Grâce à un prêt d'une banque locale, cette nouvelle entreprise de biscuits a pu démarrer en Bosnie-Herzégovine. Photo : Almin Zrno/Banque mondiale Gracias a un préstamo de un banco local, esta nueva empresa de galletas se puso en marcha en Bosnia y Herzegovina. Fotografía: Almin Zrno/Banco Mundial.

A medida que la economía mundial emerge gradualmente de la pandemia de COVID-19, cada día se nos recuerda la fragilidad de la recuperación, amenazada por nuevas variantes, brotes y aumentos de casos.  También que es una recuperación irregular y desigual. Numerosos países de ingreso bajo y mediano siguen enfrentando altos niveles de transmisión del virus, así como obstáculos a la vacunación, que mantienen la actividad empresarial por debajo de los niveles previos a la pandemia.

Las empresas, y en particular las pymes, continúan siendo las más perjudicadas por la crisis económica. Para orientar mejor las políticas en apoyo de una recuperación del sector privado impulsada por la productividad, el Banco Mundial ha tomado el "pulso" de las empresas de 76 países con respecto al impacto de la COVID-19 en su desempeño  (encuestas de opinión de las empresas y encuestas de empresas) desde el inicio de la pandemia. Gracias a la disponibilidad de datos de más de 100 000 firmas, podemos entender mejor cómo las empresas de todo el mundo han afrontado la pandemia y qué es lo que se debe hacer para forjar un camino sostenible hacia adelante.

Una recuperación en forma de U de la actividad empresarial: un primer signo alentador que se observa en los datos es que la actividad empresarial se está recuperando. Tres de cada cuatro empresas que cerraron temporalmente durante los primeros meses de la pandemia están funcionando de nuevo. Si bien las ventas de las empresas aún se encuentran un 28 % por debajo de los niveles anteriores a la pandemia, se trata de una mejora significativa con respecto a una disminución del 41 % en los meses inmediatamente después del inicio de la crisis, lo que sugiere un patrón de recuperación en forma de U. A pesar de las disrupciones en las redes mundiales de producción, los exportadores se están recuperando más rápido que otras empresas, aunque sus niveles de ventas también se encuentran por debajo de los niveles previos a la pandemia.

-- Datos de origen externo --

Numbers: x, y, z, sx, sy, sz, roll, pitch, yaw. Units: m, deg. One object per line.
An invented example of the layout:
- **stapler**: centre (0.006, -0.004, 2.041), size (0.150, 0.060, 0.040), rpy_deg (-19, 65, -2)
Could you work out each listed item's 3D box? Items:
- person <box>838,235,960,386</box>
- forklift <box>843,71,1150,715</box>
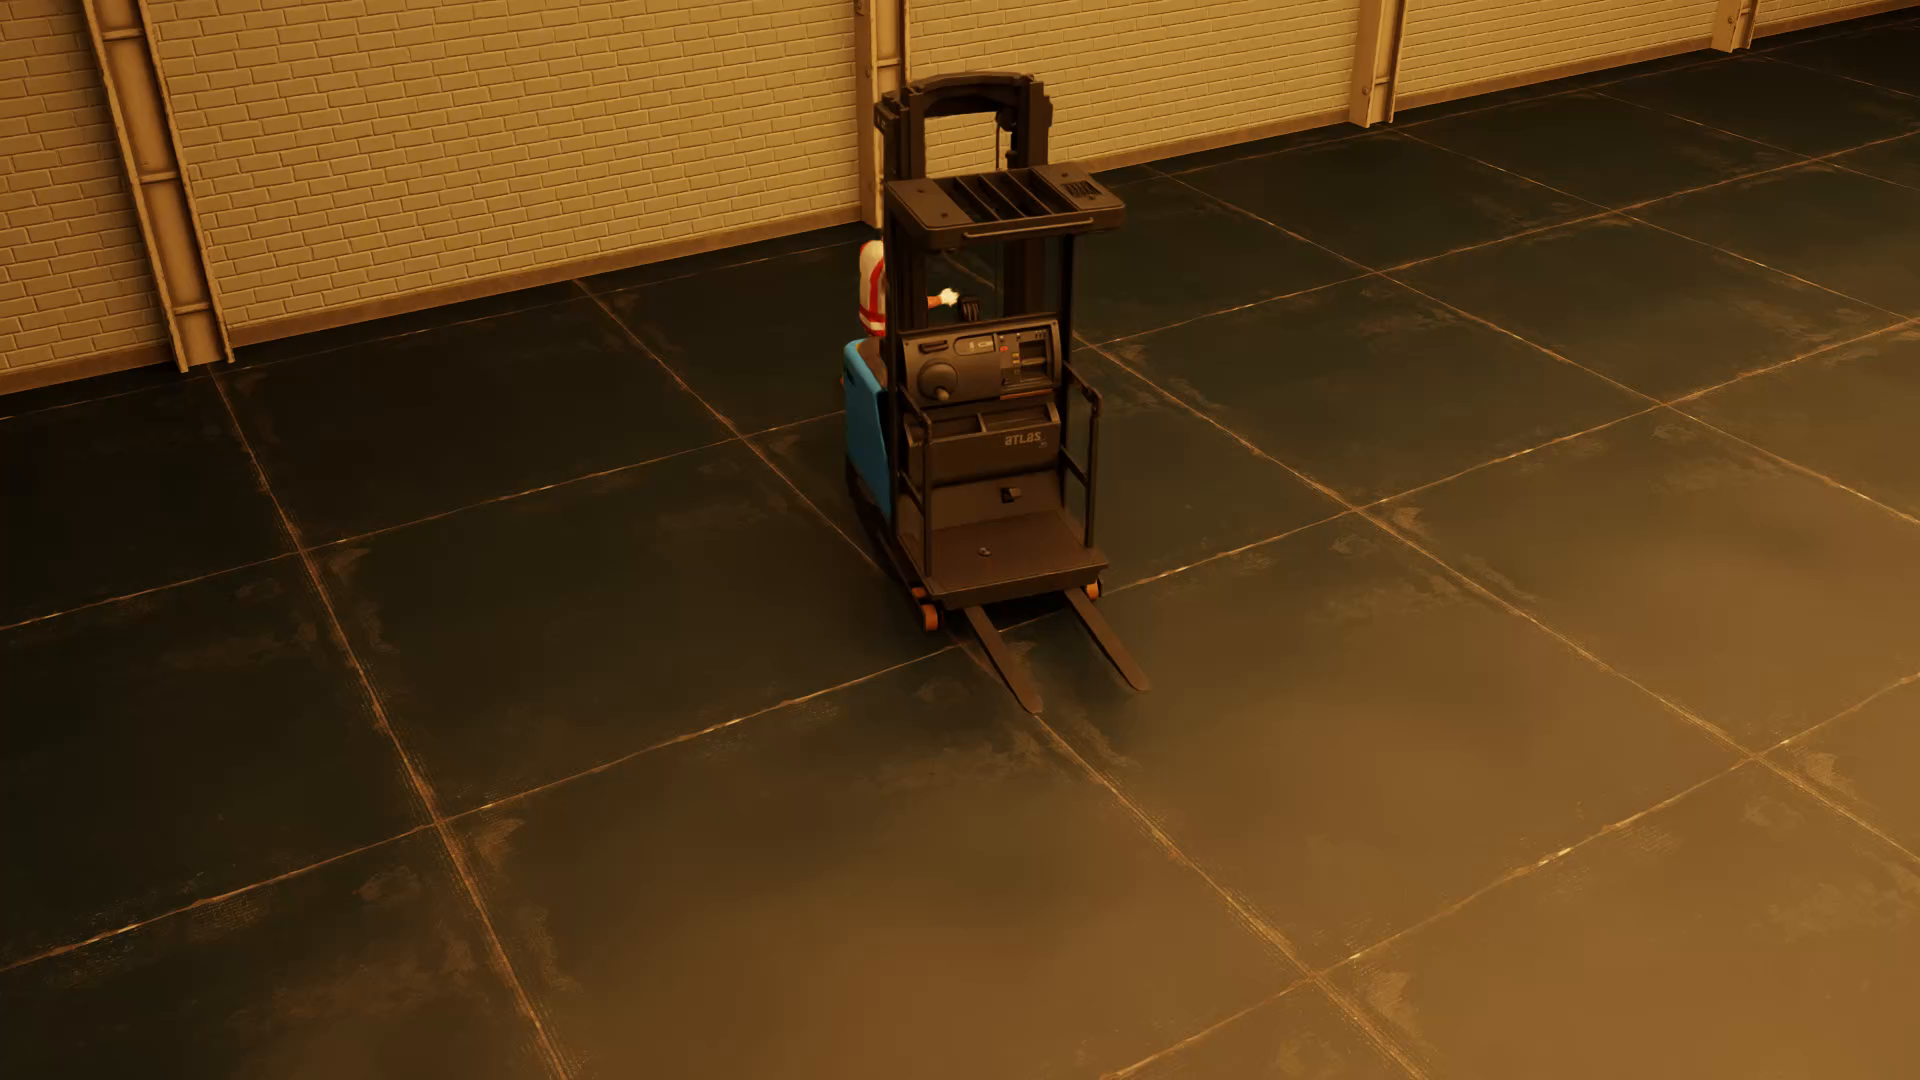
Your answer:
- **person**: centre (-0.361, -1.595, 11.648), size (0.755, 1.552, 1.283), rpy_deg (-14, 33, -21)
- **forklift**: centre (0.199, -0.961, 9.252), size (1.130, 2.935, 3.031), rpy_deg (-10, 32, -16)

Más empresas se están digitalizando: una mayor cantidad de empresas, y exportadores e importadores en particular, han adoptado tecnologías digitales y las están utilizando para adaptarse a la crisis.  La proporción de empresas que aumentaron el uso de tecnologías digitales subió del 31 % en los primeros meses de la pandemia al 44 % entre siete y 12 meses después del inicio de la crisis, mientras que la proporción de empresas que realizan nuevas inversiones en soluciones digitales creció del 17 % al 29 %. Es alentador que las microempresas dirigidas por mujeres han tenido considerablemente más posibilidades de aumentar el uso de plataformas digitales que sus contrapartes dirigidas por hombres.

Los empleos se están recuperando, aunque lentamente: nuestras encuestas indican que, si bien hay menos empresas que reducen la mano de obra, el ritmo de recuperación del empleo sigue siendo lento en comparación con la disminución inicial. La proporción de empresas que disminuyeron las horas de trabajo o los salarios bajó del 44 % al comienzo de la crisis al 32 % más adelante en la pandemia. Si bien se trata de una mejora, el número de empleos que se recuperarán todavía está muy por debajo de la pérdida de puestos de trabajo experimentada antes de la pandemia.

A pesar del aumento de la actividad empresarial, la adopción de tecnologías digitales y un cierto grado de recuperación del empleo, la incertidumbre y las vulnerabilidades financieras constantes siguen siendo las principales amenazas para una recuperación sostenible y más equitativa.  De hecho, las empresas respondieron que su sensación de incertidumbre sigue siendo igual de alta más de un año después del inicio de la pandemia. De la misma manera, las vulnerabilidades financieras siguen aumentando: si bien el 37 % de las empresas se recuperaron del peligro de retrasarse en sus pagos desde los primeros meses de la pandemia, un nuevo grupo de empresas —el 30 % del total— están ahora en mora o son susceptibles de caer en mora.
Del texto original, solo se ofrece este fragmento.